The band was formed in 1989 as a side project of musicians, who beside playing with their own bands, wanted to create a one-off band which would perform at a festival held at Belgrade's SKC. Influenced by Stormtroopers of Death, Charged GBH and Suicidal Tendencies, they wanted to create a hardcore band with simple, humorous and sarcastic lyrics written by themselves. The first lineup consisted of former Brainstorm and Overdose guitarist Zoran "Đura "Đuroski, former Karizma and Amnesia bass guitarist Dejan "Francuz" Lukić who played the drums, former Genocid, Heller and Brainstorm guitarist Dare who played bass guitar, and Amnesia and Kerozin guitarist Kokan who did the vocals.
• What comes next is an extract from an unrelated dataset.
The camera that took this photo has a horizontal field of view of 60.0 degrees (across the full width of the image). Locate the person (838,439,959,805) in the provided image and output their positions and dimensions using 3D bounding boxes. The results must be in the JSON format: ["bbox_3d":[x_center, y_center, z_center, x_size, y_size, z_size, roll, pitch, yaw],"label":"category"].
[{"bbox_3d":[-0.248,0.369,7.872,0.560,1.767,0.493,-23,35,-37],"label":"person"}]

The set list, performed at the festival, consisted of eight songs written in one day. Due to the positive audience reaction, the band continued working but without Đuroski and Kokan who left the band after the first gig and were replaced by Sale on vocals and Brainstorm drummer Šola. Lukić and Dare returned to their original instruments. This lineup of Sick Mother Fakers worked until 1994.

After a few live appearances, the band recorded a demo consisting of nine songs, which ought to have been released as an EP by the Start Today Records, but it never happened. Even though never released, this demo made the band popular and got the audience interested in the band's work. The band performed until 1991 when the war broke out.

=== 1990s ===

Sick Mother Fakers in 1998

Due to the political situation in the country, the band did not perform live, but they wrote material for their debut album. Dalje nećeŠ moći... plati pa ćeš proći! (You Are not Going further... Pay and You'll Come Through) featured the rerecorded versions of the songs which appeared on the demo and fifteen new songs. The album was recorded in early August 1994 in the Focus Studio for about thirty hours and was released by ITV Melomarket in 1995. The band demonstrated inspiration by Slobodan Šijan's movies Who's That Singing Over There and The Marathon Family in the songs "Dalje nećes moći...", "Daj pare" ("Give the Money"), "Đenka", "Opljačkani smo" ("We Have Been Robbed") and "Vozi, Miško" ("Drive, Miško"), featuring the Who's That Singing Over There theme. The political and social situation in the country was described in the songs "Vreme krize" ("Chrisis Times"), "Bus", "'Oću moju platu" ("I Want My Salary"), and others. The album also featured a hardcore punk/turbo-folk cover of the Suicidal Tendencies song "I Saw Your Mommy". A promotional video was recorded for the track "Cvikam žicu" ("I'm Cutting the Wire").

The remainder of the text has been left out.